How the hell can you come on here and presume to know what it takes to develop young talent, or how to coach millionaires! Did you play in the NBA, did you make millions of dollars, and spend over twenty years with one organization, lead a team to two NBA Finals, coach two of the greatest players of all time, be inducted to the hall of fame as a coach, in over 20 seasons with the jazz Sloan missed the playoffs all of two or three times are you the one that got the scouts reportes about players, spend hours evaluating players, did you conduct practices every day did you go to team meetings!!!
1. This is a message board where fans can play armchair coach, GM, etc.--just like you did with your comments about when Millsap should play.
2. When you have two top-50 players for as long as Sloan did, going to the playoffs every year is the minimum standard.
3. My standing offer to be the Jazz coach for 1/10 of Sloan's salary and to show effective management of NBA millionaires and their playing time remains in effect (although a prerequisite would be for the NBA to be resuscitated first).
We are some of the most blessed fans in the NBA for over twenty years we saw basketball the way it was supposed to be played.
You mean preaching defense but not enforcing it?
You mean the illogical approach to defending the 3?
You mean unleashing anti-gay innuendo behind a player's back?
You mean relegating a 5x5-potential borderline all-star to 4th or 5th option with nary a discussion?
You mean not playing a future All-Star in his rookie year in favor of some minimum-level journeyman named Milt?
You mean the often outright puzzling substitution patterns and team combinations (not to mention the aforementioned ignorance of optimizing player development) that he repeatedly put out there, and then sometimes blaming the players when it didn't work?
You act as though players have a certain right to come in as a hot shot rookies and play 40 minutes a game.

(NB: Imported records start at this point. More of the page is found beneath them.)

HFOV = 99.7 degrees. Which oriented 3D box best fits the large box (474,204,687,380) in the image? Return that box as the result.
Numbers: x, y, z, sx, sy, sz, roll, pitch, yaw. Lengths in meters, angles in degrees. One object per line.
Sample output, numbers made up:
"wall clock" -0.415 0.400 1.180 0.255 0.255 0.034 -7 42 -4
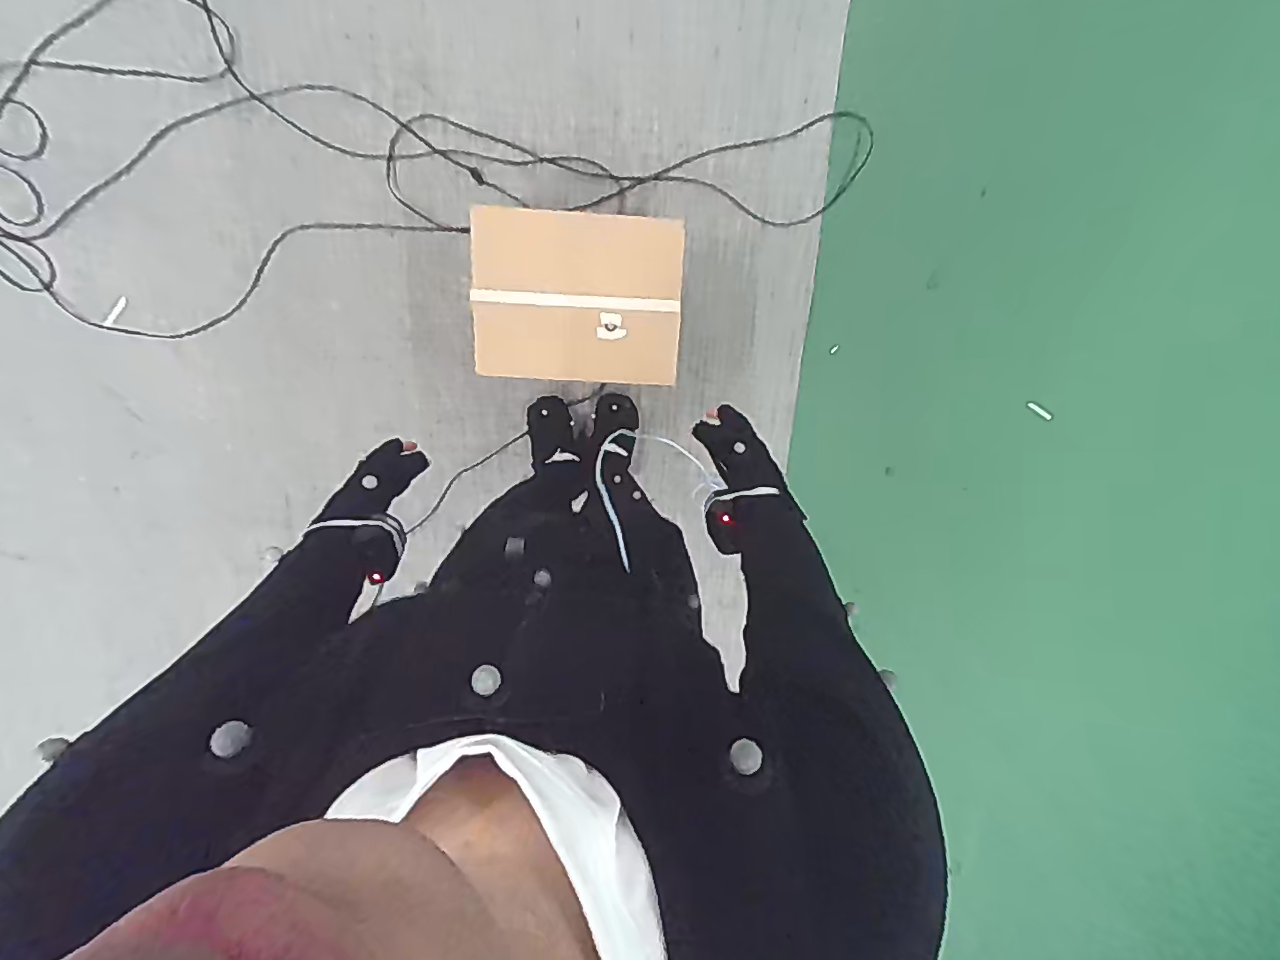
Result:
"large box" -0.126 -0.399 1.193 0.408 0.320 0.320 2 107 -4

Never advocated anything close to your hyperbole; quite the opposite, as I pointed out the 24 MPG for Hayward's late rookie season might have been too much. Furthermore, I have regularly stated that somewhere between 10 MPG and 15 MPG is the minimum for player development--a claim consistent of my clarification of your statements regarding Jelly Bean's boy and Elder Hayward. If a young player did well in that regular 10 to 15 MPG, then a sound coach and leader would provide more (as long as it did not impinge on the development or maintenance of other players within the rotation).
Sloan tought his players about hard work if a player wanted to play he needed to work hard in the off season, in practice, if a player didn't, he didn't play.
But if a player did so, he didn't necessarily play, either. See Kosta Koufos's rookie season--and Hayward's rookie season, for that matter, when Ty Corbin provided Hayward with substantially more consistent minutes (when it should have been obvious all along that he has the most room to improve at the 2/3 spot) than Sloan did.
Sloan always put the team before the individual.
Sloan put his whims before the individual; see the numerous examples of Sloan's inconsistencies above (and elsewhere).
Since you know nothing about what it takes to be successful as a coach in the NBA don't pretend to know what was better for the jazz.
Pot, meet kettle. It's a message board, dude.